A small subset of HIV-1 infected individuals, the “Elite Controllers” (EC), can control viral replication and restrain progression to immunodeficiency without antiretroviral therapy (ART). In this study, a cross-sectional transcriptomics and targeted proteomics analysis were performed in a well-defined Swedish cohort of untreated EC (n = 19), treatment naïve patients with viremia (VP, n = 32) and HIV-1-negative healthy controls (HC, n = 23).
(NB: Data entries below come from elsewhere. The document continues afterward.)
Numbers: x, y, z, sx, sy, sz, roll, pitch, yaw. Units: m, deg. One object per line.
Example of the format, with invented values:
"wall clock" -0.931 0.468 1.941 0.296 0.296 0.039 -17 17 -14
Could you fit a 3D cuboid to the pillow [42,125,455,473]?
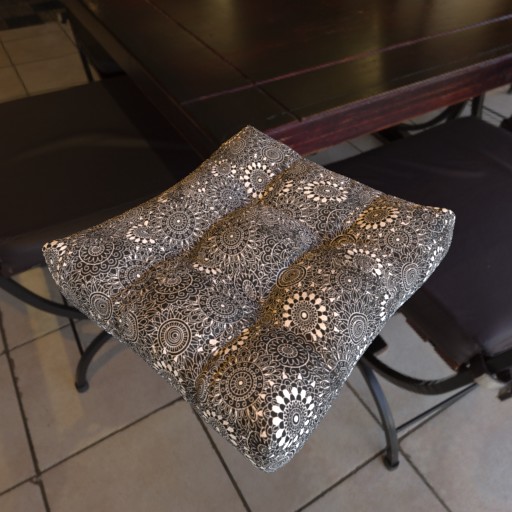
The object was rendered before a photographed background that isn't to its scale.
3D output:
"pillow" 0.000 0.000 0.717 0.468 0.128 0.490 31 54 26
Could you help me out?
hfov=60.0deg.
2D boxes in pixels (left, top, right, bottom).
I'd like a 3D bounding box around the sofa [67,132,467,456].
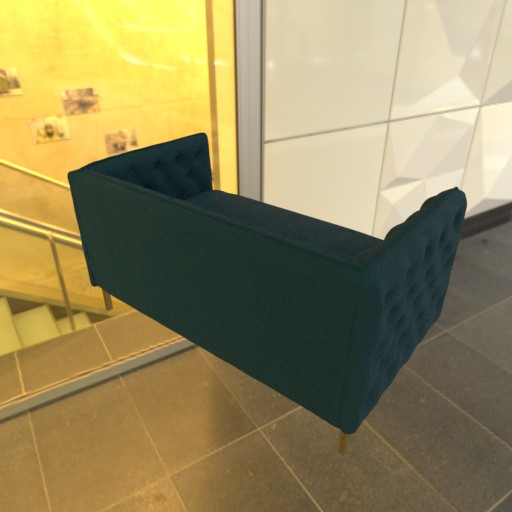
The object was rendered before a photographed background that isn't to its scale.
[{"bbox_3d":[0.000,0.000,2.114,1.583,0.810,0.909,21,36,33],"label":"sofa"}]
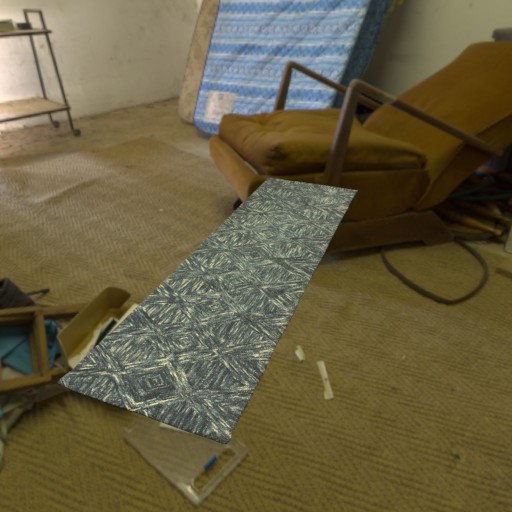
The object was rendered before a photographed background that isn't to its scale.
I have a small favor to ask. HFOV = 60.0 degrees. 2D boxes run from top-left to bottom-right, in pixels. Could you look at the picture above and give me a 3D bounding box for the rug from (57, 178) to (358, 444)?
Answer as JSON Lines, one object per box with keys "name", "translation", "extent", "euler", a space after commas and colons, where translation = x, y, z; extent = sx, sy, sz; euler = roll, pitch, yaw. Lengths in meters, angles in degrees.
{"name": "rug", "translation": [0.000, 0.000, 2.478], "extent": [0.719, 0.013, 2.306], "euler": [12, 33, 18]}
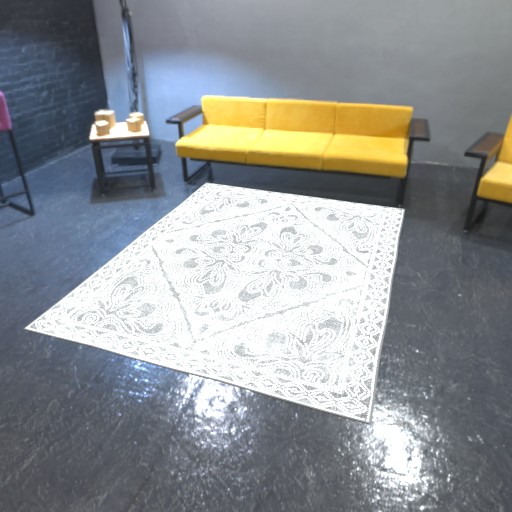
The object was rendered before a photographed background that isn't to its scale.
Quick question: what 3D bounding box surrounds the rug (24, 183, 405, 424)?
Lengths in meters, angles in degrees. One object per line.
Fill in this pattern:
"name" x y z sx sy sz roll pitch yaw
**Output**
"rug" 0.000 0.000 4.009 2.438 0.012 3.048 10 32 17

The blood transcriptome identified 151 protein-coding genes that were differentially expressed (DE) in VP compared to EC. Genes like CXCR6 and SIGLEC1 were downregulated in EC compared to VP. A definite distinction in gene expression between males and females among all patient-groups were observed. The gene expression profile between female EC and the healthy females was similar but did differ between male EC and healthy males. At targeted proteomics analysis, 90% (29/32) of VPs clustered together while EC and HC clustered separately from VP. Among the soluble factors, 33 were distinctive to be statistically significant (False discovery rate = 0.02). Cell surface receptor signaling pathway, programmed cell death, response to cytokine and cytokine-mediated signaling seem to synergistically play an essential role in HIV-1 control in EC.